The elusive and cool "creative class" would find such an area attractive, especially in and around the downtown sector.
The Army Corps of Engineers, the Maricopa County Flood Control District and several Valley cities are already constructing two restoration projects in the Salt River relying on groundwater, storm water and treated wastewater to restore a low-flow stream and nurture a lush native habitat.
The Rio Salado Project in Phoenix runs from 24th Street to 19th Avenue and is set for public opening next April. Thousands of trees are already growing in and alongside the low-flow channel.
On a recent tour of the project, I saw thousands of "volunteer" trees emerging from the riverbed providing habitat for egrets, red tail hawks, ducks and herons.
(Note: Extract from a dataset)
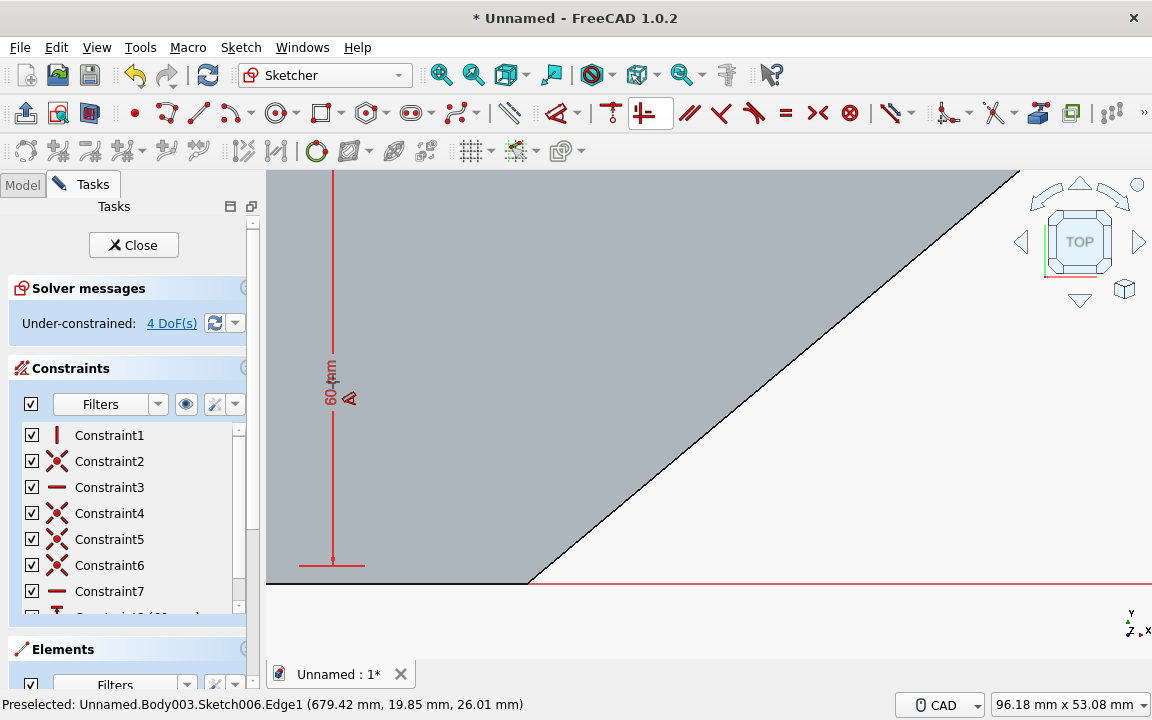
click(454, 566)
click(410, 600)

Farther west, the Tres Rios Project will restore a section of the river between 83rd and 115th avenues. There are tentative plans to connect these two projects with Rio Salado Oeste.
Maricopa County, meanwhile, is developing a master plan for El Rio Watercourse that would extend from the confluence of the Salt and Gila rivers near 83rd Avenue, 17 miles to the west to just south of Buckeye.
These riverbed restoration efforts should be accelerated and put into place as soon as possible to re-create a sliver of the riparian paradise that once existed here. They could serve as a model for a Valleywide project.
To put into perspective how much water we have, Babbitt recalls a conversation he had a few years ago with a California water official who was amazed at Arizona's vast water resources.
"The guy said to me, 'Arizona's the Saudi Arabia of water.' And I said to him, 'The Saudis will run out of oil, but we won't run out of water.'"
There are three key factors contributing to the abundance of water that (unless there's, um, a sea change in public water policy) is destined to fuel four more decades of sprawl: huge surface-water supplies, tremendous water reserves stored beneath the ground, and nearly a million acres of irrigated farm land.
The Valley lies at the base of one of the most productive watersheds in the world. Rain and snow in the mountains north and east of Phoenix generate an average of a million acre-feet of runoff per year into the Salt and Verde rivers.
This is a stupendous amount of water -- enough to supply the yearly needs of five million people.
The Salt River Project, the state's second largest utility, collects nearly all the runoff behind six dams it operates on the Salt and Verde. When full, these reservoirs store 2.3 million acre-feet of water. Even after nine years of drought, SRP still has 991,000 acre-feet in storage.
This year, the watershed had produced only 335,000 acre-feet of water as of November 30 -- but this is still enough for 1.6 million people.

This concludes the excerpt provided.